VELOCITYWG #9 — “Grant Park”

GrantPark FIN

I love reading about history, but once in a while when you go digging into the past, you really learn something as disturbing as it is fascinating. We always start our neighbourhood posts with some basic knowledge of the area backed with some Internet (AKA “lazy”) research. Our Design Intern, Rebecca, from Winnipeg Technical College was reading up on this week’s entry when she came across this article by blogger Reid Dickie.

Who knew that a pleasant suburban neighbourhood in Winnipeg was once a shantytown populated by poor Métis families and rail-riding transients.
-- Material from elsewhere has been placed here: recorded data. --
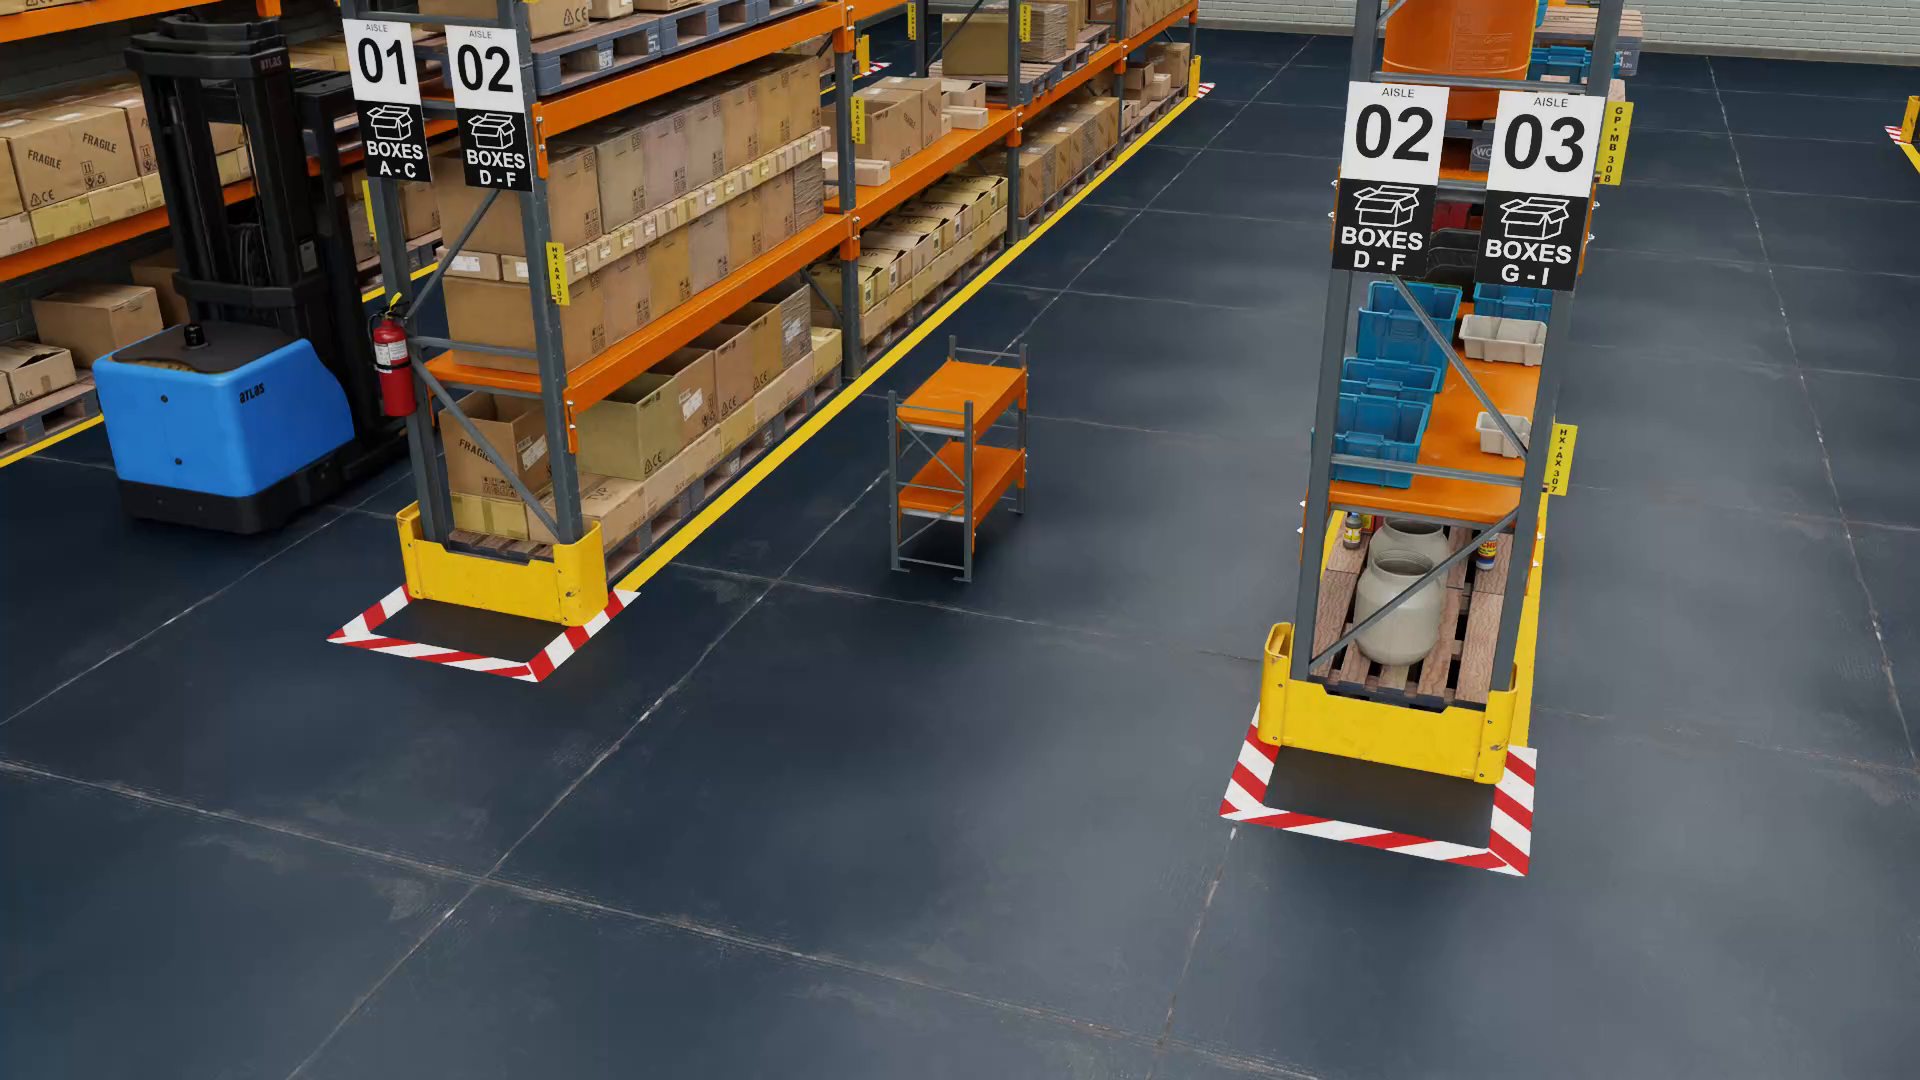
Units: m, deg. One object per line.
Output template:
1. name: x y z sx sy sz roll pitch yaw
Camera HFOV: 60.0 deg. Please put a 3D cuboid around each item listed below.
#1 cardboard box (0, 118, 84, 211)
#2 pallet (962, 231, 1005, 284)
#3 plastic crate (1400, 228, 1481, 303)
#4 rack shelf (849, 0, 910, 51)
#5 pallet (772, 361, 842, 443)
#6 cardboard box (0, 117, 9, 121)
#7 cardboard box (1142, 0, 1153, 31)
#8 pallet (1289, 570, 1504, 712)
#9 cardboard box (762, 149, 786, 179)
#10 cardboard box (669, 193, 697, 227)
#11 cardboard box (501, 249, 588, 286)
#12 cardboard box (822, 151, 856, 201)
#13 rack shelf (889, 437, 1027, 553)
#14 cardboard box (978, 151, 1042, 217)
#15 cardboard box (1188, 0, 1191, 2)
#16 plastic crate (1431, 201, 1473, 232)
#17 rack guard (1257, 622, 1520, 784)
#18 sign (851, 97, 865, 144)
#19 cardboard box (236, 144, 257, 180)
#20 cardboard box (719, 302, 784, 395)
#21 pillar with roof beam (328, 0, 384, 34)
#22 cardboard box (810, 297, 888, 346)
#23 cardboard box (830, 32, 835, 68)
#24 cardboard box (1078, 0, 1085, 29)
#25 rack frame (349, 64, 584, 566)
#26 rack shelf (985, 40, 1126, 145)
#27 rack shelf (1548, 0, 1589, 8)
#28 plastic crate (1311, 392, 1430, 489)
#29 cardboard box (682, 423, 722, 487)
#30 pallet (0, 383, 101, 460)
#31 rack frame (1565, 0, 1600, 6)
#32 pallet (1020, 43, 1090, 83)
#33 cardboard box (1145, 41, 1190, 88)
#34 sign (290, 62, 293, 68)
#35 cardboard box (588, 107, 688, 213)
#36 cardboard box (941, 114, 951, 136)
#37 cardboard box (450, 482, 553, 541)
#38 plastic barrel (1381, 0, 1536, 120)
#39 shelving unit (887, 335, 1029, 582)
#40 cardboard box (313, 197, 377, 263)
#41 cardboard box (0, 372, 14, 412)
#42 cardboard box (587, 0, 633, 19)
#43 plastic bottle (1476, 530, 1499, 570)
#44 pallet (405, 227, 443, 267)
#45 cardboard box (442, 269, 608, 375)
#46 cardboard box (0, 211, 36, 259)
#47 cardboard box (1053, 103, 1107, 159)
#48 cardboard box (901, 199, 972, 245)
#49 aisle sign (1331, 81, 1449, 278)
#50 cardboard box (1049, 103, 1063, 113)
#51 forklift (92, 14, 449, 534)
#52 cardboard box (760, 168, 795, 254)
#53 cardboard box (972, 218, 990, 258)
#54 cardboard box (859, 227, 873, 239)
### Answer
1. cardboard box: -6.467 -2.586 11.439 0.500 0.500 0.500 8 27 16
2. pallet: -0.237 -2.725 15.636 1.003 0.211 1.213 9 27 17
3. plastic crate: 3.118 -1.724 10.440 0.767 0.338 0.504 9 27 17
4. rack shelf: -0.592 -4.517 13.520 1.077 0.370 4.000 9 27 17
5. pallet: -1.562 -1.093 12.265 1.003 0.211 1.213 9 27 17
6. cardboard box: -6.960 -2.664 11.598 0.500 0.500 0.500 8 27 16
7. cardboard box: 1.999 -6.382 19.875 0.500 0.500 0.500 9 27 18
8. pallet: 2.338 0.579 8.812 1.003 0.211 1.213 9 27 17
9. cardboard box: -1.401 -2.546 11.206 0.380 0.149 0.250 9 27 17
10. cardboard box: -1.828 -2.021 10.124 0.380 0.149 0.250 8 27 17
11. cardboard box: -2.255 -1.492 9.030 0.380 0.149 0.250 9 27 17
12. cardboard box: -1.135 -2.810 12.783 0.500 0.250 0.500 11 28 21
13. rack shelf: 0.002 -0.289 10.117 0.538 0.278 1.000 9 27 17
14. cardboard box: 0.495 -3.531 16.464 0.500 0.500 0.500 10 28 20
15. cardboard box: 2.843 -7.422 22.021 0.500 0.500 0.500 10 27 19
16. plastic crate: 3.285 -2.221 11.322 0.402 0.464 0.583 9 27 17
17. rack guard: 2.062 0.782 8.061 1.175 0.500 0.348 9 27 17
18. sign: -0.734 -3.014 11.949 0.100 0.325 0.005 9 27 17
19. cardboard box: -5.802 -3.088 13.336 0.500 0.250 0.500 9 27 18
20. cardboard box: -1.546 -1.326 11.359 0.500 0.500 0.500 9 27 17
21. pillar with roof beam: -1.788 -6.696 13.754 9.100 9.000 0.400 9 27 17
22. cardboard box: -0.890 -1.750 13.096 0.500 0.250 0.500 8 27 16
23. cardboard box: -2.076 -7.079 23.815 0.700 0.500 0.500 9 27 17
24. cardboard box: 1.036 -6.028 18.662 0.700 0.500 0.500 0 26 0
25. rack frame: -2.589 -1.025 8.925 1.000 3.000 0.127 9 27 17
26. rack shelf: 0.739 -4.811 17.569 1.077 0.370 4.000 9 27 17
27. rack shelf: 4.078 -3.797 12.034 1.077 0.370 4.000 9 27 17
28. plastic crate: 1.966 -0.487 7.985 0.499 0.251 0.616 9 27 17
29. cardboard box: -1.871 -0.576 10.671 0.500 0.250 0.500 9 27 17
30. pallet: -6.932 -0.847 11.756 1.003 0.211 1.213 9 27 17
31. rack frame: 3.412 -4.649 9.526 1.000 3.000 0.127 9 27 17
32. pallet: 0.716 -5.026 17.409 1.003 0.211 1.213 9 27 17
33. cardboard box: 2.787 -6.414 22.419 0.500 0.500 0.500 9 27 17
34. sign: -5.416 -3.700 13.456 0.100 0.325 0.005 9 27 17
35. cardboard box: -2.067 -2.290 9.934 0.700 0.500 0.500 9 27 18
36. cardboard box: -0.298 -3.667 14.670 0.380 0.149 0.250 11 28 21
37. cardboard box: -2.689 -0.240 9.976 0.500 0.250 0.500 9 27 17
38. plastic barrel: 2.123 -2.256 7.050 0.600 0.830 0.708 9 27 17
39. shelving unit: 0.002 -0.509 10.011 0.538 1.125 1.048 9 27 17
40. cardboard box: -5.701 -2.763 14.879 0.700 0.500 0.500 10 27 19
41. cardboard box: -6.946 -1.001 11.456 0.500 0.311 0.500 6 26 12
42. cardboard box: -2.031 -2.972 9.150 0.380 0.149 0.250 9 27 17
43. plastic bottle: 2.978 0.025 9.382 0.097 0.271 0.097 0 26 0
44. pallet: -5.268 -2.954 16.108 1.003 0.211 1.213 9 27 17
45. cardboard box: -2.421 -1.260 9.295 0.700 0.500 0.500 9 27 17
46. cardboard box: -6.640 -2.053 11.198 0.500 0.250 0.500 8 27 16
47. cardboard box: 1.338 -4.583 18.637 0.500 0.500 0.500 9 27 18
48. cardboard box: -0.206 -2.844 14.711 0.500 0.311 0.500 9 27 17
49. aisle sign: 1.777 -1.489 6.899 0.394 0.787 0.004 9 27 17
50. cardboard box: 0.847 -4.645 18.765 0.500 0.500 0.500 9 27 18
51. forklift: -4.317 -1.975 10.966 1.130 2.935 3.031 8 27 17
52. cardboard box: -1.569 -2.313 11.470 0.700 0.500 0.500 8 27 17
53. cardboard box: -0.040 -2.800 15.264 0.500 0.250 0.500 8 27 17
54. cardboard box: -1.058 -2.500 14.001 0.500 0.311 0.500 9 27 17

VELOCITYWG #9 is “Grant Park” by Design Intern, Rebecca Waczko

 

Rooster Town was the colourful name for the grim Depression-era village which formed on the outskirts of South Winnipeg. No road connection or running water, no city services, just a rail-line which provided transport in and out of the surrounding bush, and the occasional box-car sold to the poor as makeshift homes.
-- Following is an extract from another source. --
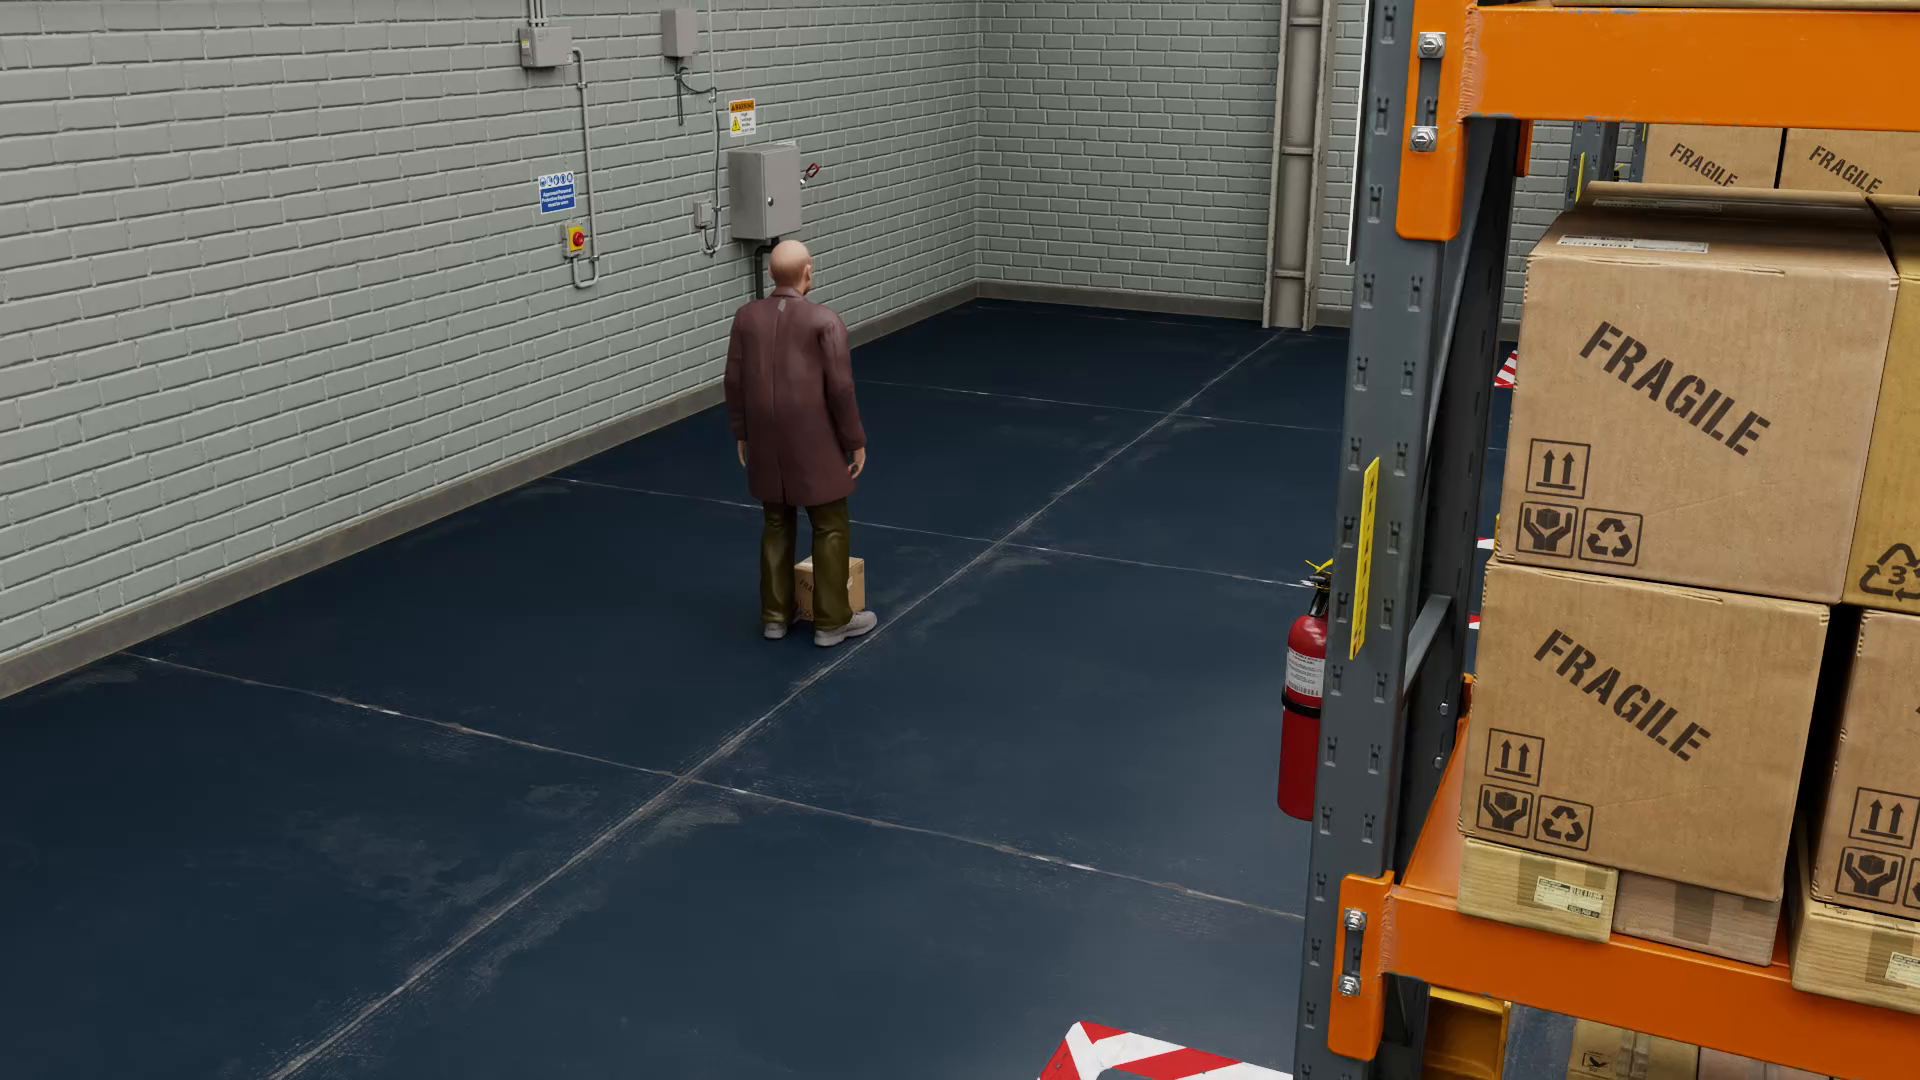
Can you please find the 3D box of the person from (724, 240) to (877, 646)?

It’s hard to believe that just eight years after Mayor Stephen Juba had the last residents evicted and the last traces of Rooster Town were bulldozed away, Winnipeg introduced the Western Hemisphere to the state-of-the-art Pan Am Pool built for the 1967 Pan-American Games.

Rebecca’s comments:

When given the task of designing this week’s logo for Grant Park, I thought it was going to be very challenging. But once I started to dig into the history of the area it proved to be quite interesting. I chose to use the Grant’s Scottish tartan since Grant Avenue was named to commemorate Cuthbert James Grant. When I found out the remarkable history about Rooster Town, I felt it only right to pay tribute to this lost suburb. Now every time I visit the mall I’ll find it hard not to remember what it once was.

 

My fondest memories of Grant Park almost always involve lining up for a hotly-anticipated film (such as 1990’s Teenage Mutant Ninja Turtles) For a fine afternoon/evening out, I suggest a nice espresso or a late at LaGrotta Market on Taylor and Waverly, take in the 60s and 70s architecture of the apartments and churches on Grant Avenue, peruse the endless selection of engaging titles at McNally Robinson, and finish off with a holiday blockbuster at the Empire 8.

If it’s a clear night and not too cold, enjoy a little star gazing behind Grant Park High. Listen for the train-whistle and think of Rooster Town.

VELOCITYWG is a weekly design project: simple exercises in unfettered creativity with a common theme that’s near and dear to our hearts: celebrating the streets, suburbs, and cityscape of Manitoba’s capital.